Mi sembra una stupidaggine prendersela con la ricerca spaziale, la quale se i nostri governi continueranno nella loro indiscrimata ditruzione del pianeta, potrebbe essere l’unica salvaezza del genere umano…ma lasciando perdere queste fantasie futuristiche credo che siano altri gli ambiti in cui si debbano incentrare le nostre attenzioni, limitare la ricerca e lo sviliuppo militare, cambiare il sistema economico, cercare di mantenere in salute il nostro pianeta, e non credo che per fare queste cose servano i quattro spiccioli destinati alla ricerca spaziale.

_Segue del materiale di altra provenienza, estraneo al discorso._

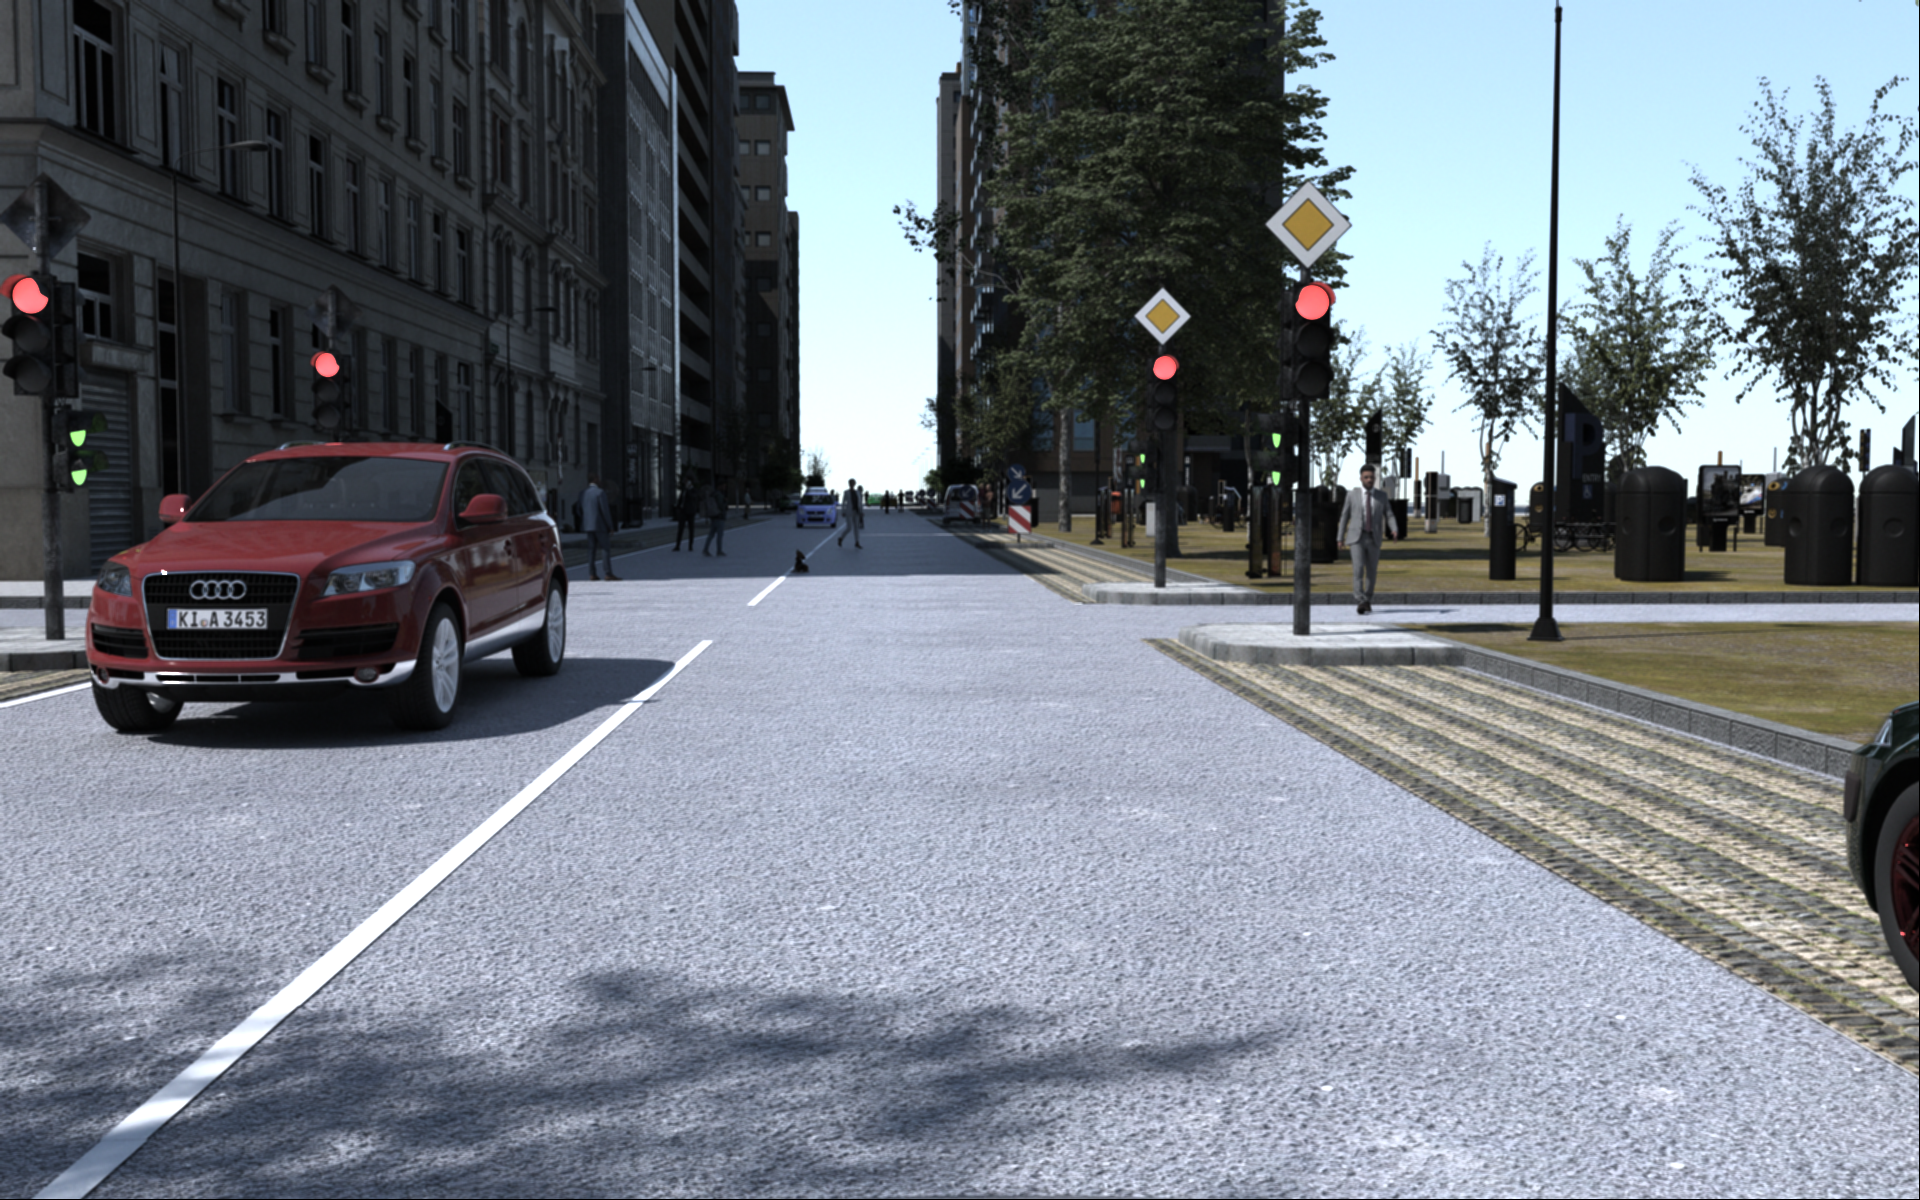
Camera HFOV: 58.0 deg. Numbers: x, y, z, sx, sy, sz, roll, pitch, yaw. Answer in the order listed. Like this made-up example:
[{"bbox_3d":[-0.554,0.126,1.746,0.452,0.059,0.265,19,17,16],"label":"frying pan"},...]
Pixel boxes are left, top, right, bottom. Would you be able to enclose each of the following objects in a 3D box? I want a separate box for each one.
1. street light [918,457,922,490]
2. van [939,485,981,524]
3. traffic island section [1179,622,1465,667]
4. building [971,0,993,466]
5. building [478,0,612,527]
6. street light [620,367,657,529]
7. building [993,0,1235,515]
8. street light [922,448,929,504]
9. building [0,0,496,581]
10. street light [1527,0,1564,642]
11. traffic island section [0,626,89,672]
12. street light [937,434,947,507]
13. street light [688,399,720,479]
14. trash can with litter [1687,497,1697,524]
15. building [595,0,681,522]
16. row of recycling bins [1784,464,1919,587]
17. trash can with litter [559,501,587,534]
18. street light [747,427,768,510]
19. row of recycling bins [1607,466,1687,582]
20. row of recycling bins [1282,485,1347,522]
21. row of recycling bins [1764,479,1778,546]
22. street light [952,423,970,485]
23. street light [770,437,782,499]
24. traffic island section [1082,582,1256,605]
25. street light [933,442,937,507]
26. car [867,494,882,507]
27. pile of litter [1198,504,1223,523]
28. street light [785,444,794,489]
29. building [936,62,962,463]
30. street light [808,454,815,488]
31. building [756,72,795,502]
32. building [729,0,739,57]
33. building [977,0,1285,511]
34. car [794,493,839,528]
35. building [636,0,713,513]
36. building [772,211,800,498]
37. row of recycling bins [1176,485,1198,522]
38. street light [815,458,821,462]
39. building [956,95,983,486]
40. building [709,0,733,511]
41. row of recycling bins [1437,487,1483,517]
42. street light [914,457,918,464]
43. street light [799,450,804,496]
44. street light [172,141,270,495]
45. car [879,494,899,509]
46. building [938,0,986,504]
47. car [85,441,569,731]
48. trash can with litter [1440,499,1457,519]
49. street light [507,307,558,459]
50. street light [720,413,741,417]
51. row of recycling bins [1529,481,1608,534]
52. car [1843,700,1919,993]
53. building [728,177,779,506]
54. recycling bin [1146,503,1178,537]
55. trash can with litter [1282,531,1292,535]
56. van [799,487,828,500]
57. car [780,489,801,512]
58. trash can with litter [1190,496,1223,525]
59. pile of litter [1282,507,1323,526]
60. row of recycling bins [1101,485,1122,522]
[{"bbox_3d":[-3.755,-13.763,197.566,1.470,5.913,1.316,0,4,-3],"label":"street light"},{"bbox_3d":[0.084,-4.402,78.988,2.013,2.044,4.112,0,4,-2],"label":"van"},{"bbox_3d":[3.134,0.397,15.783,2.009,0.180,2.903,0,4,-3],"label":"traffic island section"},{"bbox_3d":[12.497,-32.883,157.249,23.786,49.044,30.456,0,4,-3],"label":"building"},{"bbox_3d":[-21.700,-17.025,65.752,14.401,28.519,23.554,0,4,-3],"label":"building"},{"bbox_3d":[-11.783,-5.562,63.486,1.470,5.913,1.316,0,4,-3],"label":"street light"},{"bbox_3d":[9.527,-28.366,113.893,14.600,45.320,14.200,0,4,-3],"label":"building"},{"bbox_3d":[-2.845,-12.398,175.241,1.470,5.913,1.316,0,4,-3],"label":"street light"},{"bbox_3d":[-21.287,-12.562,38.670,16.112,22.955,30.059,0,4,-3],"label":"building"},{"bbox_3d":[4.612,-2.599,15.042,1.470,5.913,1.316,0,4,-3],"label":"street light"},{"bbox_3d":[-7.996,0.428,15.277,2.009,0.180,2.903,0,4,-3],"label":"traffic island section"},{"bbox_3d":[-0.841,-9.893,134.289,1.470,5.913,1.316,0,4,-3],"label":"street light"},{"bbox_3d":[-12.660,-6.842,84.412,1.470,5.913,1.316,0,4,-3],"label":"street light"},{"bbox_3d":[31.205,-3.822,73.871,0.624,1.170,1.055,3,5,39],"label":"trash can with litter"},{"bbox_3d":[-21.444,-16.499,87.774,12.078,24.808,19.932,0,4,-3],"label":"building"},{"bbox_3d":[13.451,-1.041,24.128,3.534,1.692,1.069,1,4,11],"label":"row of recycling bins"},{"bbox_3d":[-12.527,-2.764,56.575,0.624,1.170,1.055,3,4,38],"label":"trash can with litter"},{"bbox_3d":[-14.237,-9.061,120.681,1.470,5.913,1.316,0,4,-3],"label":"street light"},{"bbox_3d":[10.657,-1.200,26.740,1.069,1.692,3.534,1,4,22],"label":"row of recycling bins"},{"bbox_3d":[16.119,-4.424,79.449,3.534,1.692,1.069,3,4,39],"label":"row of recycling bins"},{"bbox_3d":[20.098,-2.095,41.366,1.069,1.692,3.534,1,4,12],"label":"row of recycling bins"},{"bbox_3d":[0.039,-8.655,114.047,1.470,5.913,1.316,0,4,-3],"label":"street light"},{"bbox_3d":[-15.325,-10.317,141.221,1.470,5.913,1.316,0,4,-3],"label":"street light"},{"bbox_3d":[2.767,-0.090,23.759,2.009,0.180,2.903,0,4,-3],"label":"traffic island section"},{"bbox_3d":[-1.748,-11.142,154.708,1.470,5.913,1.316,0,4,-3],"label":"street light"},{"bbox_3d":[-9.249,-11.121,190.625,1.959,1.807,4.718,0,4,-4],"label":"car"},{"bbox_3d":[11.390,-3.855,76.997,1.719,0.858,1.176,0,4,-4],"label":"pile of litter"},{"bbox_3d":[-16.094,-11.548,161.347,1.470,5.913,1.316,0,4,-3],"label":"street light"},{"bbox_3d":[7.247,-42.929,243.891,21.231,58.520,28.212,0,4,-3],"label":"building"},{"bbox_3d":[-18.090,-14.071,202.595,1.470,5.913,1.316,0,4,-3],"label":"street light"},{"bbox_3d":[-35.856,-38.614,220.578,28.713,52.752,27.495,0,4,-3],"label":"building"},{"bbox_3d":[-32.902,-34.079,146.430,28.713,52.752,27.495,0,4,-3],"label":"building"},{"bbox_3d":[12.030,-42.346,130.609,20.563,71.187,20.611,0,4,-3],"label":"building"},{"bbox_3d":[-6.196,-3.990,74.833,1.945,1.707,3.694,0,4,-4],"label":"car"},{"bbox_3d":[-27.262,-29.598,107.631,21.300,48.544,21.600,0,4,-3],"label":"building"},{"bbox_3d":[-29.826,-34.219,243.082,14.154,41.232,14.086,0,4,-3],"label":"building"},{"bbox_3d":[10.376,-4.605,82.399,1.069,1.692,3.534,-1,4,-11],"label":"row of recycling bins"},{"bbox_3d":[-19.010,-15.330,223.185,1.470,5.913,1.316,0,4,-3],"label":"street light"},{"bbox_3d":[6.739,-33.107,191.412,14.600,45.320,14.200,0,4,-3],"label":"building"},{"bbox_3d":[-24.236,-29.120,126.224,14.600,45.320,14.200,0,4,-3],"label":"building"},{"bbox_3d":[28.370,-5.558,97.985,3.534,1.692,1.069,-3,4,-36],"label":"row of recycling bins"},{"bbox_3d":[-4.736,-15.017,218.075,1.470,5.913,1.316,0,4,-3],"label":"street light"},{"bbox_3d":[-17.133,-12.840,182.478,1.470,5.913,1.316,0,4,-3],"label":"street light"},{"bbox_3d":[-9.790,-3.083,22.945,1.470,5.913,1.316,0,4,-3],"label":"street light"},{"bbox_3d":[-6.901,-9.676,168.418,2.015,1.641,3.980,0,4,-3],"label":"car"},{"bbox_3d":[8.967,-55.060,212.902,22.319,86.520,31.000,0,4,-3],"label":"building"},{"bbox_3d":[-4.169,-0.215,12.194,2.281,1.827,5.304,0,4,-1],"label":"car"},{"bbox_3d":[25.458,-4.821,89.887,2.233,1.210,1.678,2,4,30],"label":"trash can with litter"},{"bbox_3d":[-10.656,-4.313,43.066,1.470,5.913,1.316,0,4,-3],"label":"street light"},{"bbox_3d":[-13.280,-7.760,99.422,1.470,5.913,1.316,0,4,-3],"label":"street light"},{"bbox_3d":[20.135,-3.040,56.817,1.069,1.692,3.534,-2,4,-27],"label":"row of recycling bins"},{"bbox_3d":[3.602,0.377,3.618,2.009,1.686,4.222,0,4,-2],"label":"car"},{"bbox_3d":[-36.924,-30.761,194.821,32.217,40.220,23.993,0,4,-3],"label":"building"},{"bbox_3d":[5.994,-2.376,51.398,0.722,1.027,0.722,3,4,36],"label":"recycling bin"},{"bbox_3d":[9.809,-2.633,54.107,1.678,1.210,2.233,1,4,14],"label":"trash can with litter"},{"bbox_3d":[-8.598,-5.913,103.693,2.013,2.044,4.112,0,4,-4],"label":"van"},{"bbox_3d":[-13.371,-7.876,137.569,1.959,1.807,4.718,0,4,-2],"label":"car"},{"bbox_3d":[10.697,-3.797,73.139,1.678,1.210,2.233,-1,4,-14],"label":"trash can with litter"},{"bbox_3d":[13.901,-3.441,70.223,1.176,0.858,1.719,-2,4,-31],"label":"pile of litter"},{"bbox_3d":[6.985,-4.462,80.068,1.069,1.692,3.534,1,4,9],"label":"row of recycling bins"}]

A me non sembra una stupidaggine. Se il nostro “futuro” è Marte perhè chi ha i soldi ne vuole sempre di più a discapito del pianeta Terra e della nostre vite…bhè permettimi di dire che non è giusto.
Quei soldi (se proprio non vuoi aiutare chi muore di fame) potevano essere utilizzati per investire nel fotovoltaico per esempio, oppure per investire affinchè tutte le multinazionali e non, si adeguassero alle direttive dell’accordo di Kyoto.
Sicuramente anche quello che dici tu ha molto peso, ma se andiamo su Marte per il nostro bene… forse è meglio che prima di andarci, aggiustiamo il casino che abbiamo fatto qui, non credi?